Auf eine entsprechende Entscheidung des Oberlandesgerichts Frankfurt hat der Deutsche Anwaltverein in Berlin hingewiesen. Denn die allgemeine Schulpflicht stelle das Recht auf Bildung sicher und diene als Schutz des Kindes, argumentierten die Richter. In dem verhandelten Fall hatte die von ihrem Ehemann getrennt lebende Mutter ihren schulpflichtigen Sohn über einen Zeitraum von vier Monaten an 37 Tagen nicht zur Schule geschickt. Der Sohn hatte zu diesem Zeitpunkt den Wissensstand eines Sonderschülers der vierten Klasse, obwohl er in die neunte Klasse ging. Schon in den Jahren zuvor war der Junge nur unregelmäßig in der Schule aufgetaucht.
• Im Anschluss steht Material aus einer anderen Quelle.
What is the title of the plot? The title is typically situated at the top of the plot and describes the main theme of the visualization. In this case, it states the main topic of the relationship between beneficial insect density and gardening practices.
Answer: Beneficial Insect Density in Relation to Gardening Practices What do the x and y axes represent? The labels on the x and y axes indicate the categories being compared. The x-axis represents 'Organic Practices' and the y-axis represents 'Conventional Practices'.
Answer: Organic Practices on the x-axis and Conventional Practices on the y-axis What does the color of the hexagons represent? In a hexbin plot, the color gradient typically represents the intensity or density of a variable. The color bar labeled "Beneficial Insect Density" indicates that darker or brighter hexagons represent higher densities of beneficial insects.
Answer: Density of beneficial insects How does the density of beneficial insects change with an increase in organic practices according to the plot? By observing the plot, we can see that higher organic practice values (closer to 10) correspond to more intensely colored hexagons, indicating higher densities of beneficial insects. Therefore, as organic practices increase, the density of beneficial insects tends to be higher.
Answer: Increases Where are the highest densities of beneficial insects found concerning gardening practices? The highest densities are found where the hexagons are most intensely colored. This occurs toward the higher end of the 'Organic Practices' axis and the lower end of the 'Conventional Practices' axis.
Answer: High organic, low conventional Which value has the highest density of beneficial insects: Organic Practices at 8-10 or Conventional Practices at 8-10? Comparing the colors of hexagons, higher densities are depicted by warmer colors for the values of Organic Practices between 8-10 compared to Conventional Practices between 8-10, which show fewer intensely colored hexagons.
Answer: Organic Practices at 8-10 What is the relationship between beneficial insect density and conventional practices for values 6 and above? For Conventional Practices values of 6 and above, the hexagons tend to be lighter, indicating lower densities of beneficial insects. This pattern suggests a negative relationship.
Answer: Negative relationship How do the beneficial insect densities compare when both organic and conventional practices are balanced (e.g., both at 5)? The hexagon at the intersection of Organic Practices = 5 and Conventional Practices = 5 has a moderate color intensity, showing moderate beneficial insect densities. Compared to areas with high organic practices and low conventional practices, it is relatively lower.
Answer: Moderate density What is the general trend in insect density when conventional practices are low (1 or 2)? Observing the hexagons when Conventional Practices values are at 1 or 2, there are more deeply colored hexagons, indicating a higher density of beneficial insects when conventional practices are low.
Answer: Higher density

Die Mutter war deswegen zu Geldstrafen und sogar zu einer Freiheitsstrafe auf Bewährung verurteilt worden. An ihrem Verhalten änderte dies jedoch nichts. Das Gericht verurteilte die Frau nun zu einer sechsmonatigen Freiheitsstrafe ohne Bewährung. Dies entspricht der gesetzlich möglichen Höchststrafe. Es sei die Pflicht der Eltern, dafür zu sorgen, dass ihre Kinder am Schulunterricht teilnehmen können. Die Mutter haben gegen diese Schulpflicht verstoßen. Die Verhängung der Höchststrafe hielten die Richter für gerechtfertigt, da die milderen Strafen zuvor keinen Erfolg gezeigt hatten.